Et si j’ai su bâtir ma demeure assez vaste pour donner un sens jusqu’aux étoiles, alors s’ils se hasardent la nuit sur leur seuil et qu’ils lèvent la tête, ils rendront grâce à Dieu de mener si bien ces navires. Et si je la bâtis assez durable pour qu’elle contienne la vie dans sa durée, alors ils iront de fête en fête comme de vestibule en vestibule, sachant où ils vont, et découvrant, au travers de la vie diverse, le visage de Dieu.

Citadelle ! Je t’ai donc bâtie comme un navire. Je t’ai clouée, gréée, puis lâchée dans le temps qui n’est plus qu’un vent favorable.

Navire des hommes, sans lequel ils manqueraient l’éternité !

Mais je les connais, les menaces qui pèsent contre mon navire. Toujours tourmenté par la mer obscure du dehors. Et par les autres images possibles. Car il est toujours possible de jeter bas le temple et d’en prélever les pierres pour un autre temple. Et l’autre n’est ni plus vrai, ni plus faux, ni plus juste, ni plus injuste. Et nul ne connaîtra le désastre, car la qualité du silence ne s’est pas inscrite dans le tas de pierres.

C’est pourquoi je désire qu’ils épaulent solidement les maîtres couples du navire. Afin de les sauver de génération en génération, car je n’embellirai point un temple si je le recommence à chaque instant.

V

C’est pourquoi je désire qu’ils épaulent solidement les maîtres couples du navire. Construction d’hommes. Car autour du navire il y a la nature aveugle, informulée encore et puissante. Et celui-là risque d’être exagérément en repos qui oublie la puissance de la mer.

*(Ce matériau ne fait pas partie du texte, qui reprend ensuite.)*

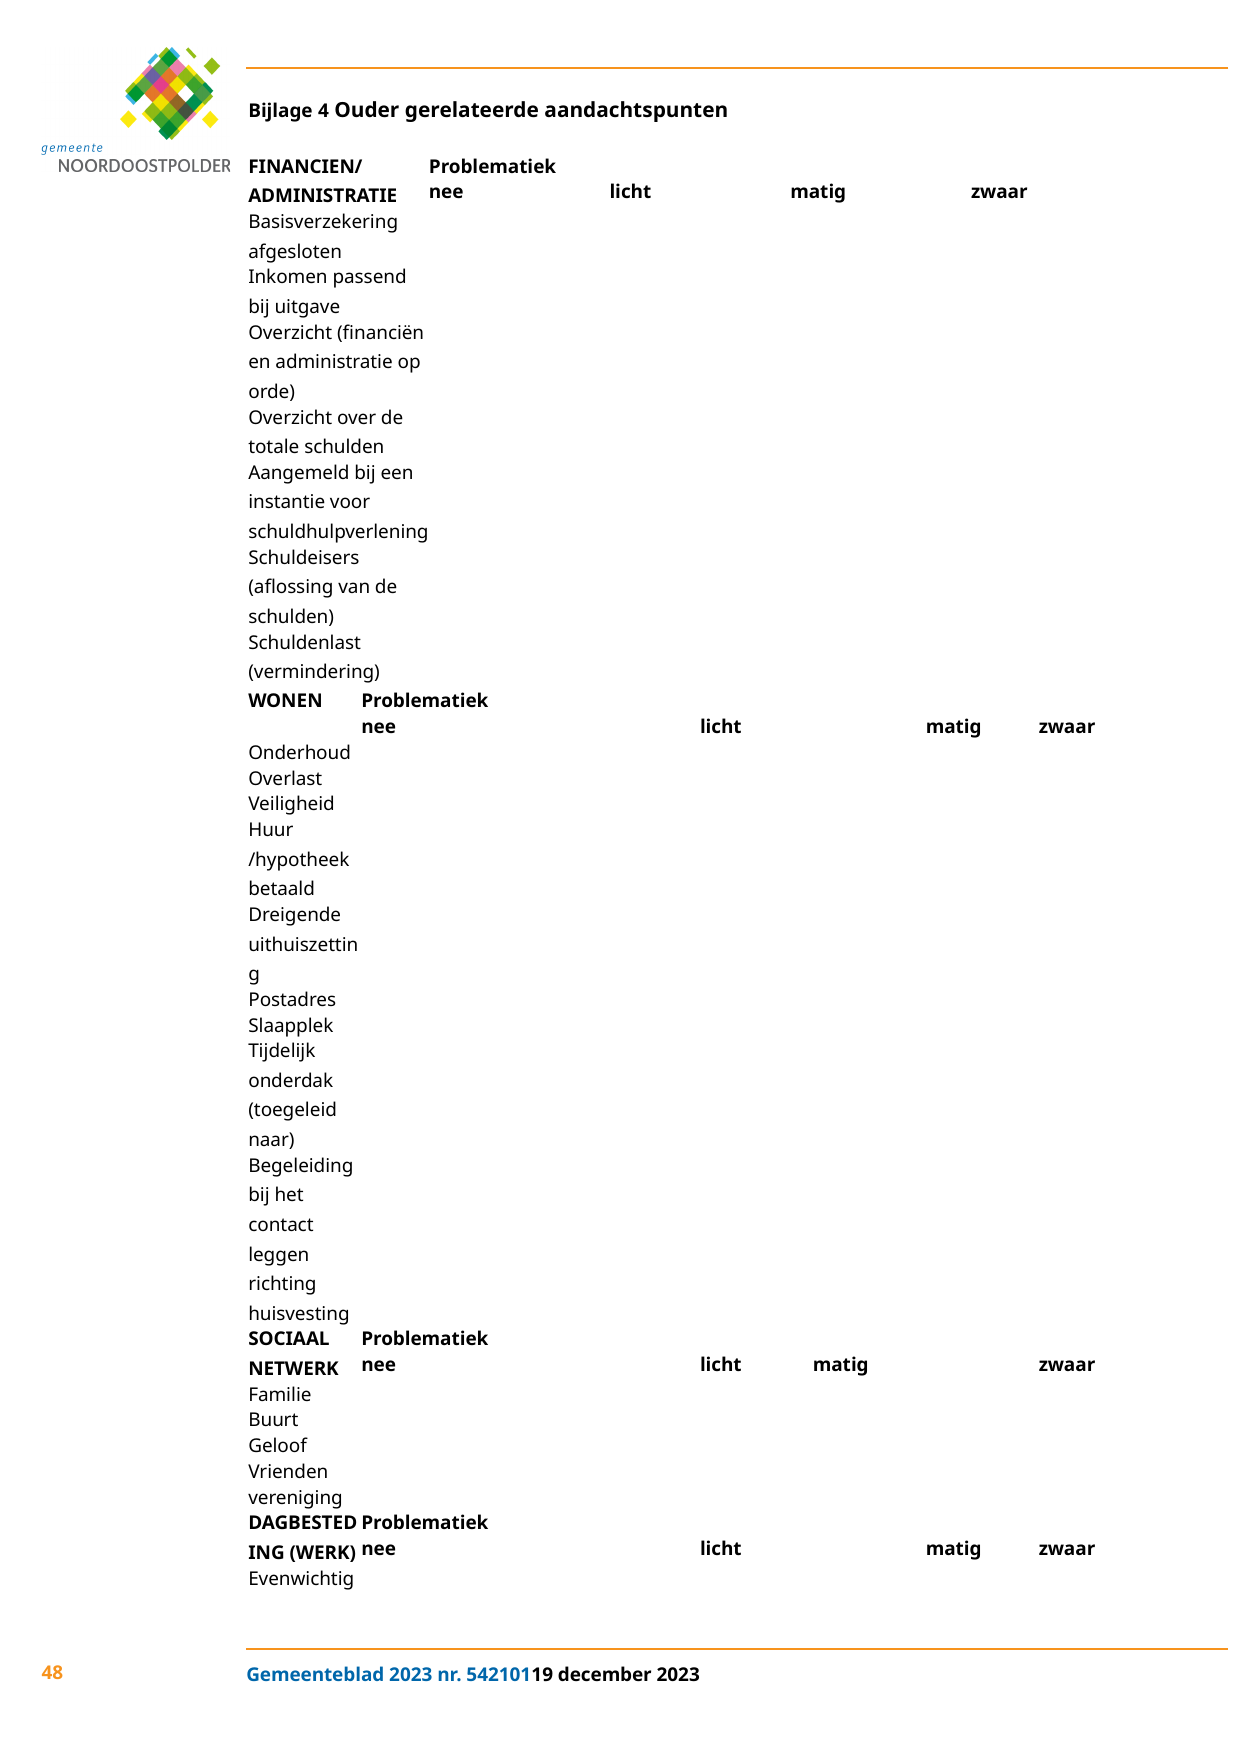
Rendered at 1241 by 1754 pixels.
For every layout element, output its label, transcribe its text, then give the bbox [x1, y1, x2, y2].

table_cell [813, 1433, 1038, 1458]
table_cell licht [609, 179, 790, 208]
table_cell licht [700, 713, 926, 739]
table_cell nee [361, 713, 700, 739]
table_cell nee [361, 1351, 700, 1381]
table_cell [790, 264, 971, 319]
table_cell Evenwichtig [248, 1565, 361, 1591]
table_cell matig [790, 179, 971, 208]
table_cell matig [813, 1351, 1038, 1381]
table_cell [971, 459, 1152, 544]
table_cell Geloof [248, 1433, 361, 1458]
table_cell Overlast [248, 765, 361, 791]
table_cell Overzicht over de totale schulden [248, 404, 429, 459]
table_cell [700, 1433, 813, 1458]
table_cell [609, 629, 790, 684]
table_cell [813, 1381, 1038, 1407]
text Bijlage 4 Ouder gerelateerde aandachtspunten [248, 95, 1152, 123]
table_cell [926, 1012, 1038, 1037]
table_cell [926, 986, 1038, 1012]
table_cell vereniging [248, 1484, 361, 1509]
table_cell [429, 264, 609, 319]
table_cell [971, 264, 1152, 319]
table_cell [926, 1038, 1038, 1152]
table_cell [971, 404, 1152, 459]
table_cell [361, 1484, 700, 1509]
table_cell [361, 816, 700, 901]
table_cell [700, 1565, 926, 1591]
table_cell [700, 1381, 813, 1407]
table_cell [429, 459, 609, 544]
table_header Problematiek [429, 153, 1152, 179]
table_cell [971, 319, 1152, 404]
table_cell [361, 986, 700, 1012]
table_cell Schuldenlast (vermindering) [248, 629, 429, 684]
table_cell [700, 765, 926, 791]
table_cell [926, 1565, 1038, 1591]
table_cell Overzicht (financiën en administratie op orde) [248, 319, 429, 404]
table_cell [1039, 1038, 1152, 1152]
table_cell Buurt [248, 1407, 361, 1432]
table_cell [1039, 791, 1152, 816]
picture [41, 47, 231, 172]
table_cell Problematiek [361, 1326, 1152, 1351]
table_cell [700, 1458, 813, 1484]
table_cell [609, 404, 790, 459]
table_cell [429, 544, 609, 629]
table_header FINANCIEN/ADMINISTRATIE [248, 153, 429, 208]
table_cell [361, 1433, 700, 1458]
table_cell Vrienden [248, 1458, 361, 1484]
table_cell [429, 319, 609, 404]
table_cell [700, 901, 926, 986]
table_cell Schuldeisers (aflossing van de schulden) [248, 544, 429, 629]
table_cell [1039, 1458, 1152, 1484]
table_cell [361, 901, 700, 986]
table_cell Problematiek [361, 1510, 1152, 1535]
table_cell [813, 1407, 1038, 1432]
table_cell Inkomen passend bij uitgave [248, 264, 429, 319]
table_cell licht [700, 1351, 813, 1381]
table_cell [429, 404, 609, 459]
table_cell [1039, 765, 1152, 791]
table_cell [1039, 739, 1152, 765]
table_cell [429, 629, 609, 684]
table_cell zwaar [1039, 1535, 1152, 1565]
table_cell [361, 1152, 700, 1326]
table_cell Familie [248, 1381, 361, 1407]
table_cell [609, 319, 790, 404]
table_cell [926, 816, 1038, 901]
table_cell [926, 791, 1038, 816]
table_cell [700, 739, 926, 765]
table_cell [1039, 1012, 1152, 1037]
table_cell [700, 1038, 926, 1152]
table_cell [700, 816, 926, 901]
table_cell [361, 739, 700, 765]
table_cell [700, 986, 926, 1012]
table_header Problematiek [361, 688, 1152, 713]
table_cell nee [361, 1535, 700, 1565]
table_cell licht [700, 1535, 926, 1565]
table_cell [609, 459, 790, 544]
table_cell [1039, 1433, 1152, 1458]
table_cell DAGBESTEDING (WERK) [248, 1510, 361, 1565]
table_cell [1039, 986, 1152, 1012]
table_cell Veiligheid [248, 791, 361, 816]
table_cell [361, 791, 700, 816]
table_cell Begeleiding bij het contact leggen richting huisvesting [248, 1152, 361, 1326]
table_cell [790, 459, 971, 544]
table_cell matig [926, 713, 1038, 739]
table_cell [1039, 1484, 1152, 1509]
table_cell [813, 1458, 1038, 1484]
table_cell [700, 1407, 813, 1432]
table_cell [361, 1407, 700, 1432]
table_cell [609, 544, 790, 629]
table_cell Slaapplek [248, 1012, 361, 1037]
table_cell [361, 1381, 700, 1407]
table_cell [429, 208, 609, 264]
table_cell [1039, 1407, 1152, 1432]
table_cell [609, 208, 790, 264]
table_cell [1039, 901, 1152, 986]
table_cell [361, 1038, 700, 1152]
table_header WONEN [248, 688, 361, 739]
table_cell [971, 629, 1152, 684]
table_cell zwaar [1039, 1351, 1152, 1381]
table_cell [361, 1012, 700, 1037]
table_cell [1039, 1565, 1152, 1591]
table_cell [790, 629, 971, 684]
table_cell Basisverzekering afgesloten [248, 208, 429, 264]
table_cell [700, 1484, 813, 1509]
table_cell [609, 264, 790, 319]
table_cell [361, 1458, 700, 1484]
table_cell [971, 544, 1152, 629]
table_cell [813, 1484, 1038, 1509]
table_cell [926, 739, 1038, 765]
table_cell [700, 791, 926, 816]
table_cell [361, 765, 700, 791]
table_cell [790, 404, 971, 459]
table_cell [926, 1152, 1038, 1326]
table_cell Tijdelijk onderdak (toegeleid naar) [248, 1038, 361, 1152]
table_cell [1039, 1152, 1152, 1326]
table_cell Onderhoud [248, 739, 361, 765]
table_cell zwaar [971, 179, 1152, 208]
table_cell matig [926, 1535, 1038, 1565]
table_cell [790, 208, 971, 264]
table_cell [361, 1565, 700, 1591]
table_cell zwaar [1039, 713, 1152, 739]
table_cell Huur /hypotheek betaald [248, 816, 361, 901]
table_cell [790, 544, 971, 629]
table_cell Postadres [248, 986, 361, 1012]
table_cell [1039, 1381, 1152, 1407]
table_cell [926, 901, 1038, 986]
table_cell [971, 208, 1152, 264]
table_cell nee [429, 179, 609, 208]
table_cell SOCIAAL NETWERK [248, 1326, 361, 1381]
table_cell Aangemeld bij een instantie voor schuldhulpverlening [248, 459, 429, 544]
table_cell [1039, 816, 1152, 901]
table_cell [790, 319, 971, 404]
table_cell Dreigende uithuiszetting [248, 901, 361, 986]
table_cell [926, 765, 1038, 791]
table_cell [700, 1152, 926, 1326]
table_cell [700, 1012, 926, 1037]

Ils croient absolue en elle-même la demeure qui leur fut donnée. Tant l’évidence devient, une fois montrée. Quand on habite le navire, on ne voit plus la mer. Ou, si l’on aperçoit la mer, elle n’est plus qu’ornement du navire. Tel est le pouvoir de l’esprit. La mer lui parut faite pour porter le navire.

Mais il se trompe. Tel sculpteur à travers la pierre leur a montré tel visage. Mais l’autre eût montré un autre visage. Et tu l’as vu toi-même des constellations : celle-là est un cygne. Mais l’autre eût pu t’y montrer une femme couchée. Il vient trop tard. Nous ne nous évaderons jamais plus du cygne. Le cygne inventé nous a saisis.

Mais de le croire par erreur absolu on ne songe plus à le protéger. Et je sais bien par où il me menace, l’insensé. Et le jongleur. Celui qui modèle des visages avec la facilité de ses doigts. Ceux qui voient jouer perdent le sens de leur domaine. C’est pourquoi je le fais saisir et écarteler. Mais certes ce n’est point à cause de mes juristes qui me démontrent qu’il a tort. Car il n’a point tort. Mais il n’a pas raison non plus, et je lui refuse en revanche de se croire plus intelligent, plus juste que mes juristes. Et c’est à tort qu’il croit qu’il a raison. Car il propose lui aussi comme absolu ses figures nouvelles éphémères et brillantes, nées de ses mains, mais auxquelles manquent le poids, le temps, la chaîne ancienne des religions. Sa structure n’est pas devenue encore. La mienne était. Et voilà pourquoi je condamne le jongleur et sauve ainsi mon peuple de pourrir.

Car celui qui n’y prête plus attention et ne sait plus qu’il habite un navire, celui-là par avance est comme démantelé et il verra bientôt sourdre la mer dont la vague lavera ses jeux imbéciles.

Car m’a été proposée cette image même de mon empire, une fois que nous fûmes en pleine mer dans le but d’un pèlerinage, quelques-uns de mon peuple et moi-même.

Ils se trouvaient donc enfermés à bord d’un vaisseau de haute mer. Quelquefois en silence je me promenais parmi eux. Accroupis autour des plateaux de nourriture, allaitant les enfants ou pris dans l’engrenage du chapelet de la prière, ils s’étaient faits habitants du navire. Le navire s’était fait demeure.